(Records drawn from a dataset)
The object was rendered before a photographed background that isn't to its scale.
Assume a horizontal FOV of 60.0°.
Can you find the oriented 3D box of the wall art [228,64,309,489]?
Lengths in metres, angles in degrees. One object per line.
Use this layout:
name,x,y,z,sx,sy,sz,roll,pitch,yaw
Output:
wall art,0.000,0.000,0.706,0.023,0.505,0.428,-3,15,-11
* * *
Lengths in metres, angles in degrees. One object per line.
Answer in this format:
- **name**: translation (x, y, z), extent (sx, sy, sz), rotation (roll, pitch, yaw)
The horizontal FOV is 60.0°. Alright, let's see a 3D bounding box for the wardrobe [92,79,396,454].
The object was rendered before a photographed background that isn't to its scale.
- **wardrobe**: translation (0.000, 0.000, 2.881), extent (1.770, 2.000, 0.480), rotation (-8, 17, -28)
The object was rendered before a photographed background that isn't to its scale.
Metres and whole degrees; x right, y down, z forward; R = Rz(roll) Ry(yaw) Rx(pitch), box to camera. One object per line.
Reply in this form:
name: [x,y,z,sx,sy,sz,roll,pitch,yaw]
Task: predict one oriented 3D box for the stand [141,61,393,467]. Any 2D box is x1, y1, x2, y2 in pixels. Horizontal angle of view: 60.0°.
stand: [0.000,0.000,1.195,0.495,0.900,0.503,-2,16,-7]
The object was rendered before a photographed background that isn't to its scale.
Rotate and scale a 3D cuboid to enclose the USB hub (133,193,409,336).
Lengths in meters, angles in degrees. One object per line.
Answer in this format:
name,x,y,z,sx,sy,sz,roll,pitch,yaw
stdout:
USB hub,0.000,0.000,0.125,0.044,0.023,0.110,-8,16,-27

▸ **Problem details**:
Each line of the entries above that includes "pitch" counts once; state how many such lines there are, with the number as the only answer.

▸ **Completed task**:
5